# Assigned task
Print the data exactly as written, line for line, and leave its pictures behind.

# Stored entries
━━━━━━━━

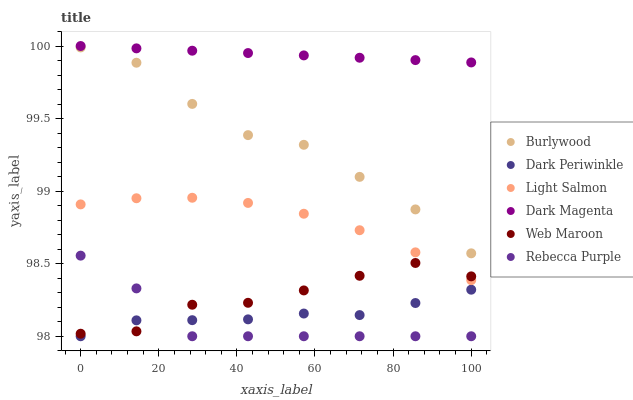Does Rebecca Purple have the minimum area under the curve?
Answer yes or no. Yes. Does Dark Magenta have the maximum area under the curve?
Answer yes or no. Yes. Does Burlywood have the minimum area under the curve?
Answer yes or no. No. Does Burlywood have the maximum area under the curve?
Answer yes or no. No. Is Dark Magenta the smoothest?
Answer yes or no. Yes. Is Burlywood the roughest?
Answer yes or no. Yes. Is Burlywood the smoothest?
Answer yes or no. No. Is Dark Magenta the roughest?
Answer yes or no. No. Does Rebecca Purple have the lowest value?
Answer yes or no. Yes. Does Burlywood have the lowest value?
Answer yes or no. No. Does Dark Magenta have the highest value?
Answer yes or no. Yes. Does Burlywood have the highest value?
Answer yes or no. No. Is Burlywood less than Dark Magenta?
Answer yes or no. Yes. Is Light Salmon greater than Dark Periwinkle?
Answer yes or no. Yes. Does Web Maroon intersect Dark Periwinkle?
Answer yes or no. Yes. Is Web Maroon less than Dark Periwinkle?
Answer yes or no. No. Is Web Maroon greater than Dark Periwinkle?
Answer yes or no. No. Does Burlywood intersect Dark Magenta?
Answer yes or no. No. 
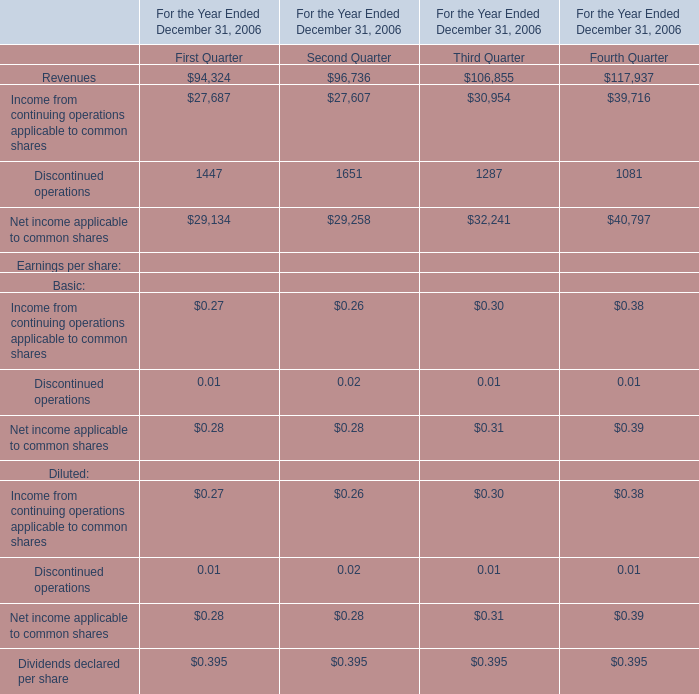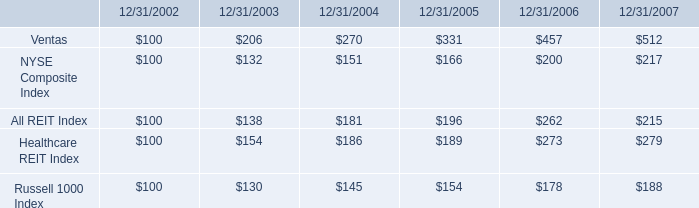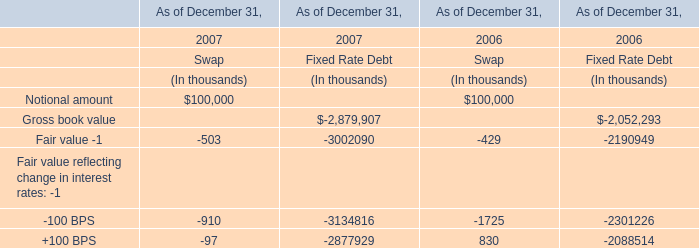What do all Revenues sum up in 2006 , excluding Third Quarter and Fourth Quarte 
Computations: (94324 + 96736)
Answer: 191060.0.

━━━━━━━━

# Written response
Does Rebecca Purple have the minimum area under the curve?
Answer yes or no. Yes. Does Dark Magenta have the maximum area under the curve?
Answer yes or no. Yes. Does Burlywood have the minimum area under the curve?
Answer yes or no. No. Does Burlywood have the maximum area under the curve?
Answer yes or no. No. Is Dark Magenta the smoothest?
Answer yes or no. Yes. Is Burlywood the roughest?
Answer yes or no. Yes. Is Burlywood the smoothest?
Answer yes or no. No. Is Dark Magenta the roughest?
Answer yes or no. No. Does Rebecca Purple have the lowest value?
Answer yes or no. Yes. Does Burlywood have the lowest value?
Answer yes or no. No. Does Dark Magenta have the highest value?
Answer yes or no. Yes. Does Burlywood have the highest value?
Answer yes or no. No. Is Burlywood less than Dark Magenta?
Answer yes or no. Yes. Is Light Salmon greater than Dark Periwinkle?
Answer yes or no. Yes. Does Web Maroon intersect Dark Periwinkle?
Answer yes or no. Yes. Is Web Maroon less than Dark Periwinkle?
Answer yes or no. No. Is Web Maroon greater than Dark Periwinkle?
Answer yes or no. No. Does Burlywood intersect Dark Magenta?
Answer yes or no. No. 
What do all Revenues sum up in 2006 , excluding Third Quarter and Fourth Quarte 
Computations: (94324 + 96736)
Answer: 191060.0.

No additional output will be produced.